Check out STEM Funders Network’s upcoming events.
TAYHub

Location: Oakland, CA
Region: Califonia
Founding: 2020
Founders/leadership: Brooklyn Williams, project director
In the spring of 2020, a coalition of transitional-aged youth (TAY) and adults who serve them, including stakeholders who work for Oakland Unified School District (OUSD), the city of Oakland, Alameda County, Peralta Colleges, faith-based organizations, and community-based organizations, won a campaign for a Career Technical Education (CTE) Hub at 1025 2nd Avenue in Oakland California. Included in the Measure Y Bond project list, CTE Hub at 1025 2nd Avenue, also known as TAYHub, secured funding from OUSD facilities bond, the city of Oakland, and through private support. With fiscal sponsorship from MSC, TAYHub is establishing a planning process to serve youths who need alternative pathways to post-secondary success.

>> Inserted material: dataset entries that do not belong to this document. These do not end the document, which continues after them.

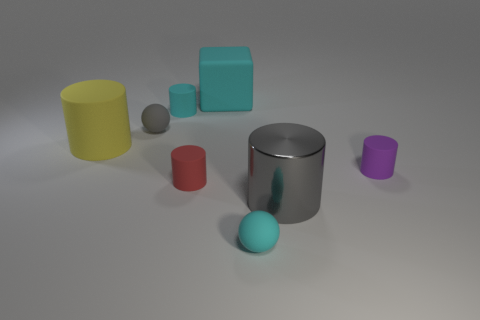Is there anything else that has the same material as the gray cylinder?
Offer a terse response. No. There is a small cylinder that is the same color as the block; what is it made of?
Your answer should be compact. Rubber. Is the color of the big rubber block the same as the big metallic cylinder?
Ensure brevity in your answer.  No. There is a big rubber thing to the left of the large matte thing that is right of the tiny gray ball; how many red things are behind it?
Your answer should be compact. 0. The purple object that is made of the same material as the big yellow cylinder is what shape?
Keep it short and to the point. Cylinder. What is the material of the small cylinder behind the small matte sphere that is behind the rubber thing in front of the red object?
Give a very brief answer. Rubber. How many objects are either rubber spheres right of the large cyan rubber thing or gray cylinders?
Your answer should be very brief. 2. What number of other objects are the same shape as the small red matte object?
Offer a very short reply. 4. Is the number of tiny cyan objects in front of the red rubber cylinder greater than the number of tiny purple shiny cylinders?
Your response must be concise. Yes. The cyan object that is the same shape as the tiny gray thing is what size?
Your answer should be compact. Small. 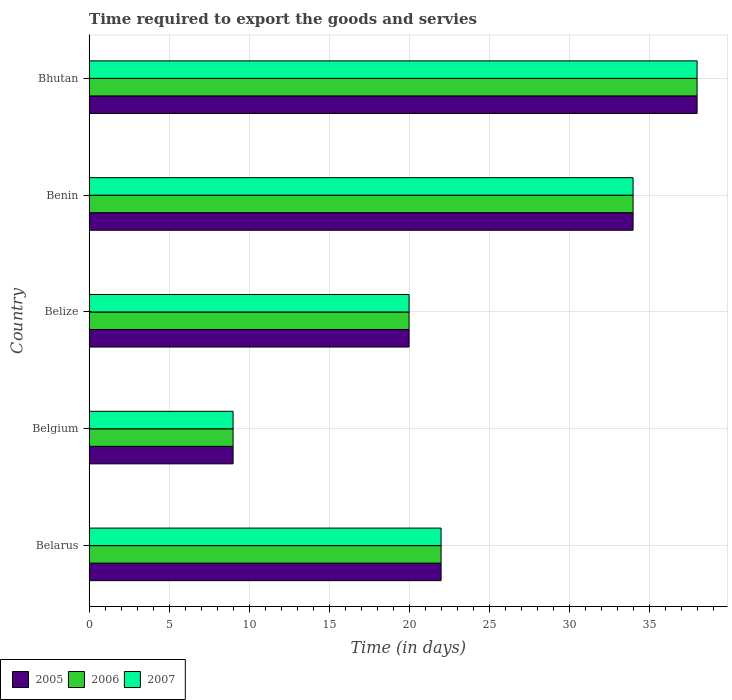How many different coloured bars are there?
Your answer should be very brief. 3. Are the number of bars per tick equal to the number of legend labels?
Your answer should be compact. Yes. How many bars are there on the 1st tick from the top?
Your answer should be compact. 3. How many bars are there on the 3rd tick from the bottom?
Provide a short and direct response. 3. What is the label of the 2nd group of bars from the top?
Your answer should be compact. Benin. In how many cases, is the number of bars for a given country not equal to the number of legend labels?
Your answer should be compact. 0. What is the number of days required to export the goods and services in 2005 in Benin?
Make the answer very short. 34. Across all countries, what is the minimum number of days required to export the goods and services in 2006?
Offer a terse response. 9. In which country was the number of days required to export the goods and services in 2005 maximum?
Keep it short and to the point. Bhutan. What is the total number of days required to export the goods and services in 2006 in the graph?
Offer a very short reply. 123. What is the difference between the number of days required to export the goods and services in 2005 in Belarus and that in Bhutan?
Give a very brief answer. -16. What is the average number of days required to export the goods and services in 2006 per country?
Provide a short and direct response. 24.6. What is the ratio of the number of days required to export the goods and services in 2006 in Belarus to that in Benin?
Ensure brevity in your answer.  0.65. Is the number of days required to export the goods and services in 2006 in Belgium less than that in Benin?
Make the answer very short. Yes. In how many countries, is the number of days required to export the goods and services in 2005 greater than the average number of days required to export the goods and services in 2005 taken over all countries?
Provide a succinct answer. 2. Is the sum of the number of days required to export the goods and services in 2005 in Belize and Bhutan greater than the maximum number of days required to export the goods and services in 2007 across all countries?
Give a very brief answer. Yes. How many countries are there in the graph?
Provide a succinct answer. 5. Does the graph contain grids?
Provide a short and direct response. Yes. How many legend labels are there?
Offer a very short reply. 3. How are the legend labels stacked?
Keep it short and to the point. Horizontal. What is the title of the graph?
Make the answer very short. Time required to export the goods and servies. What is the label or title of the X-axis?
Ensure brevity in your answer.  Time (in days). What is the label or title of the Y-axis?
Your answer should be compact. Country. What is the Time (in days) of 2005 in Belarus?
Offer a very short reply. 22. What is the Time (in days) of 2007 in Belarus?
Offer a very short reply. 22. What is the Time (in days) of 2005 in Belgium?
Offer a terse response. 9. What is the Time (in days) of 2006 in Belgium?
Provide a short and direct response. 9. What is the Time (in days) in 2007 in Belgium?
Give a very brief answer. 9. What is the Time (in days) in 2006 in Benin?
Provide a short and direct response. 34. What is the Time (in days) of 2007 in Benin?
Your answer should be compact. 34. Across all countries, what is the maximum Time (in days) in 2005?
Ensure brevity in your answer.  38. Across all countries, what is the maximum Time (in days) in 2006?
Offer a terse response. 38. Across all countries, what is the maximum Time (in days) of 2007?
Make the answer very short. 38. What is the total Time (in days) in 2005 in the graph?
Your answer should be very brief. 123. What is the total Time (in days) in 2006 in the graph?
Your answer should be very brief. 123. What is the total Time (in days) of 2007 in the graph?
Give a very brief answer. 123. What is the difference between the Time (in days) in 2005 in Belarus and that in Belgium?
Offer a terse response. 13. What is the difference between the Time (in days) in 2006 in Belarus and that in Belgium?
Provide a succinct answer. 13. What is the difference between the Time (in days) of 2007 in Belarus and that in Belgium?
Keep it short and to the point. 13. What is the difference between the Time (in days) in 2007 in Belarus and that in Belize?
Make the answer very short. 2. What is the difference between the Time (in days) in 2007 in Belarus and that in Bhutan?
Provide a short and direct response. -16. What is the difference between the Time (in days) of 2007 in Belgium and that in Belize?
Provide a short and direct response. -11. What is the difference between the Time (in days) of 2007 in Belgium and that in Benin?
Provide a short and direct response. -25. What is the difference between the Time (in days) of 2006 in Belgium and that in Bhutan?
Give a very brief answer. -29. What is the difference between the Time (in days) of 2007 in Belgium and that in Bhutan?
Keep it short and to the point. -29. What is the difference between the Time (in days) in 2005 in Belize and that in Benin?
Ensure brevity in your answer.  -14. What is the difference between the Time (in days) of 2006 in Belize and that in Bhutan?
Your answer should be very brief. -18. What is the difference between the Time (in days) of 2006 in Benin and that in Bhutan?
Give a very brief answer. -4. What is the difference between the Time (in days) in 2006 in Belarus and the Time (in days) in 2007 in Belgium?
Offer a terse response. 13. What is the difference between the Time (in days) of 2006 in Belarus and the Time (in days) of 2007 in Belize?
Make the answer very short. 2. What is the difference between the Time (in days) of 2005 in Belarus and the Time (in days) of 2006 in Benin?
Ensure brevity in your answer.  -12. What is the difference between the Time (in days) of 2005 in Belarus and the Time (in days) of 2007 in Benin?
Provide a succinct answer. -12. What is the difference between the Time (in days) of 2006 in Belarus and the Time (in days) of 2007 in Benin?
Your response must be concise. -12. What is the difference between the Time (in days) of 2005 in Belarus and the Time (in days) of 2006 in Bhutan?
Provide a short and direct response. -16. What is the difference between the Time (in days) of 2006 in Belarus and the Time (in days) of 2007 in Bhutan?
Keep it short and to the point. -16. What is the difference between the Time (in days) in 2005 in Belgium and the Time (in days) in 2006 in Belize?
Ensure brevity in your answer.  -11. What is the difference between the Time (in days) of 2006 in Belgium and the Time (in days) of 2007 in Belize?
Ensure brevity in your answer.  -11. What is the difference between the Time (in days) of 2005 in Belgium and the Time (in days) of 2006 in Benin?
Your answer should be very brief. -25. What is the difference between the Time (in days) of 2005 in Belgium and the Time (in days) of 2007 in Benin?
Give a very brief answer. -25. What is the difference between the Time (in days) of 2006 in Belgium and the Time (in days) of 2007 in Benin?
Your answer should be very brief. -25. What is the difference between the Time (in days) of 2006 in Belgium and the Time (in days) of 2007 in Bhutan?
Provide a short and direct response. -29. What is the difference between the Time (in days) of 2005 in Belize and the Time (in days) of 2006 in Benin?
Your response must be concise. -14. What is the difference between the Time (in days) of 2005 in Belize and the Time (in days) of 2007 in Benin?
Offer a terse response. -14. What is the difference between the Time (in days) of 2006 in Belize and the Time (in days) of 2007 in Benin?
Your answer should be compact. -14. What is the difference between the Time (in days) in 2005 in Benin and the Time (in days) in 2006 in Bhutan?
Offer a terse response. -4. What is the difference between the Time (in days) of 2006 in Benin and the Time (in days) of 2007 in Bhutan?
Your response must be concise. -4. What is the average Time (in days) of 2005 per country?
Ensure brevity in your answer.  24.6. What is the average Time (in days) in 2006 per country?
Your answer should be compact. 24.6. What is the average Time (in days) in 2007 per country?
Your response must be concise. 24.6. What is the difference between the Time (in days) of 2005 and Time (in days) of 2006 in Belarus?
Keep it short and to the point. 0. What is the difference between the Time (in days) in 2005 and Time (in days) in 2007 in Belarus?
Offer a very short reply. 0. What is the difference between the Time (in days) in 2006 and Time (in days) in 2007 in Belarus?
Provide a succinct answer. 0. What is the difference between the Time (in days) of 2005 and Time (in days) of 2006 in Belgium?
Make the answer very short. 0. What is the difference between the Time (in days) of 2005 and Time (in days) of 2007 in Belgium?
Provide a succinct answer. 0. What is the difference between the Time (in days) of 2006 and Time (in days) of 2007 in Belgium?
Give a very brief answer. 0. What is the difference between the Time (in days) in 2006 and Time (in days) in 2007 in Belize?
Offer a terse response. 0. What is the difference between the Time (in days) in 2005 and Time (in days) in 2006 in Benin?
Provide a succinct answer. 0. What is the difference between the Time (in days) of 2005 and Time (in days) of 2007 in Benin?
Give a very brief answer. 0. What is the difference between the Time (in days) in 2006 and Time (in days) in 2007 in Benin?
Keep it short and to the point. 0. What is the difference between the Time (in days) in 2005 and Time (in days) in 2006 in Bhutan?
Offer a very short reply. 0. What is the difference between the Time (in days) in 2005 and Time (in days) in 2007 in Bhutan?
Ensure brevity in your answer.  0. What is the difference between the Time (in days) of 2006 and Time (in days) of 2007 in Bhutan?
Your answer should be very brief. 0. What is the ratio of the Time (in days) in 2005 in Belarus to that in Belgium?
Your response must be concise. 2.44. What is the ratio of the Time (in days) in 2006 in Belarus to that in Belgium?
Offer a terse response. 2.44. What is the ratio of the Time (in days) in 2007 in Belarus to that in Belgium?
Provide a succinct answer. 2.44. What is the ratio of the Time (in days) of 2006 in Belarus to that in Belize?
Your answer should be compact. 1.1. What is the ratio of the Time (in days) of 2007 in Belarus to that in Belize?
Keep it short and to the point. 1.1. What is the ratio of the Time (in days) of 2005 in Belarus to that in Benin?
Ensure brevity in your answer.  0.65. What is the ratio of the Time (in days) in 2006 in Belarus to that in Benin?
Give a very brief answer. 0.65. What is the ratio of the Time (in days) of 2007 in Belarus to that in Benin?
Your answer should be compact. 0.65. What is the ratio of the Time (in days) in 2005 in Belarus to that in Bhutan?
Provide a succinct answer. 0.58. What is the ratio of the Time (in days) of 2006 in Belarus to that in Bhutan?
Keep it short and to the point. 0.58. What is the ratio of the Time (in days) in 2007 in Belarus to that in Bhutan?
Your response must be concise. 0.58. What is the ratio of the Time (in days) in 2005 in Belgium to that in Belize?
Offer a very short reply. 0.45. What is the ratio of the Time (in days) in 2006 in Belgium to that in Belize?
Your answer should be compact. 0.45. What is the ratio of the Time (in days) in 2007 in Belgium to that in Belize?
Your response must be concise. 0.45. What is the ratio of the Time (in days) of 2005 in Belgium to that in Benin?
Your answer should be very brief. 0.26. What is the ratio of the Time (in days) in 2006 in Belgium to that in Benin?
Your answer should be very brief. 0.26. What is the ratio of the Time (in days) in 2007 in Belgium to that in Benin?
Your response must be concise. 0.26. What is the ratio of the Time (in days) of 2005 in Belgium to that in Bhutan?
Your answer should be compact. 0.24. What is the ratio of the Time (in days) in 2006 in Belgium to that in Bhutan?
Make the answer very short. 0.24. What is the ratio of the Time (in days) in 2007 in Belgium to that in Bhutan?
Your response must be concise. 0.24. What is the ratio of the Time (in days) of 2005 in Belize to that in Benin?
Offer a very short reply. 0.59. What is the ratio of the Time (in days) of 2006 in Belize to that in Benin?
Provide a succinct answer. 0.59. What is the ratio of the Time (in days) of 2007 in Belize to that in Benin?
Offer a very short reply. 0.59. What is the ratio of the Time (in days) of 2005 in Belize to that in Bhutan?
Provide a succinct answer. 0.53. What is the ratio of the Time (in days) of 2006 in Belize to that in Bhutan?
Make the answer very short. 0.53. What is the ratio of the Time (in days) in 2007 in Belize to that in Bhutan?
Provide a short and direct response. 0.53. What is the ratio of the Time (in days) in 2005 in Benin to that in Bhutan?
Ensure brevity in your answer.  0.89. What is the ratio of the Time (in days) in 2006 in Benin to that in Bhutan?
Make the answer very short. 0.89. What is the ratio of the Time (in days) of 2007 in Benin to that in Bhutan?
Offer a terse response. 0.89. What is the difference between the highest and the second highest Time (in days) of 2005?
Your answer should be compact. 4. What is the difference between the highest and the second highest Time (in days) in 2006?
Your response must be concise. 4. What is the difference between the highest and the second highest Time (in days) of 2007?
Make the answer very short. 4. What is the difference between the highest and the lowest Time (in days) in 2005?
Make the answer very short. 29. What is the difference between the highest and the lowest Time (in days) in 2007?
Offer a very short reply. 29. 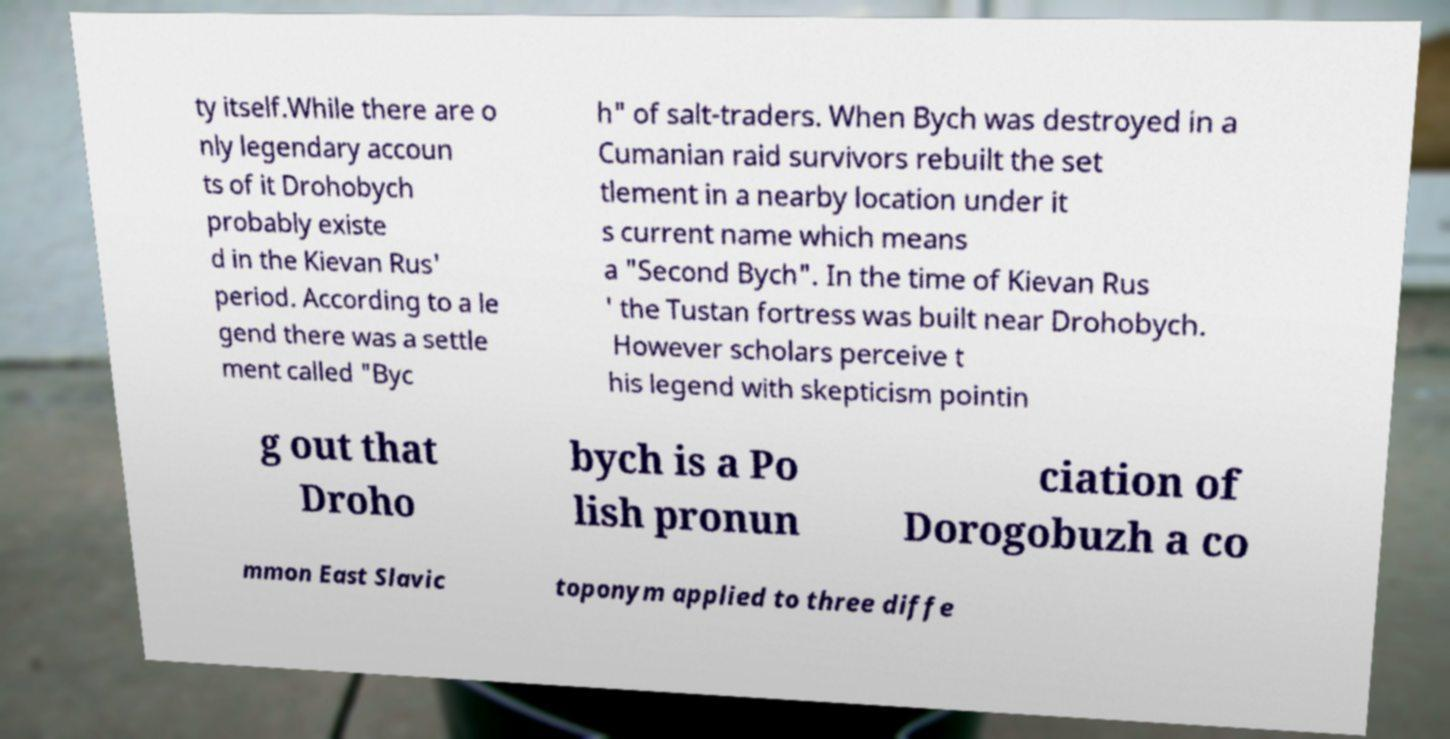I need the written content from this picture converted into text. Can you do that? ty itself.While there are o nly legendary accoun ts of it Drohobych probably existe d in the Kievan Rus' period. According to a le gend there was a settle ment called "Byc h" of salt-traders. When Bych was destroyed in a Cumanian raid survivors rebuilt the set tlement in a nearby location under it s current name which means a "Second Bych". In the time of Kievan Rus ' the Tustan fortress was built near Drohobych. However scholars perceive t his legend with skepticism pointin g out that Droho bych is a Po lish pronun ciation of Dorogobuzh a co mmon East Slavic toponym applied to three diffe 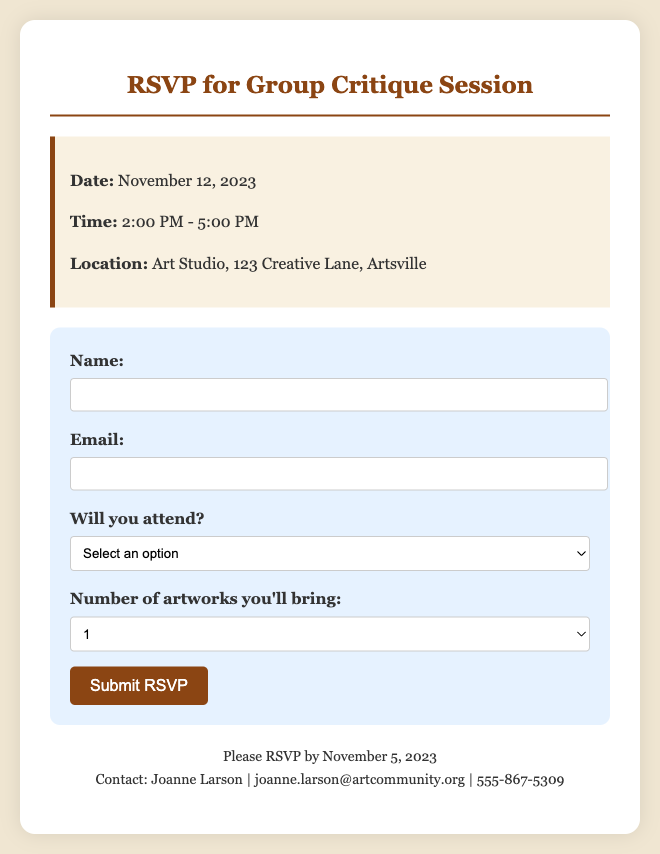what is the date of the event? The event date is clearly stated in the document under event details.
Answer: November 12, 2023 what time does the group critique session start? The start time is specified in the time section of the event details.
Answer: 2:00 PM where is the group critique session taking place? The location of the event is mentioned in the event details section.
Answer: Art Studio, 123 Creative Lane, Artsville what is the deadline to RSVP? The RSVP deadline is provided in the contact section of the document.
Answer: November 5, 2023 who should be contacted for more information? The contact person is identified at the bottom of the document.
Answer: Joanne Larson how many artworks can a participant bring? The document specifies the number of artworks options in the RSVP form.
Answer: 1, 2, or 3 what is required for submitting the RSVP form? The document indicates which fields are mandatory in the RSVP form.
Answer: Name, Email, Attendance is attendance mandatory for the critique session? The RSVP form implies the necessity of indicating attendance, which suggests the importance of participation.
Answer: Yes how can participants provide feedback during the session? The nature of the session is to provide and receive constructive feedback, as stated in the invitation.
Answer: Through group critique

The location is integral to the TAYHub vision. Situated in the heart of Oakland, close to public transportation, and across the street from Laney College, Dewey Academy, and La Escuelita Education Center, the location is not only safe, healthy, and accessible, but it builds on the important history of the land — honoring the legacy of Marcus Foster, the first Black superintendent of Oakland Unified School District.
TAYHub will provide in-depth support, wrap around services (health, wellness, social, emotional, etc.), a technical education center with hands-on job training on real life equipment in several trades, a space for athletic programs, a student-run cafe, and additional services and support for OUSD students and family.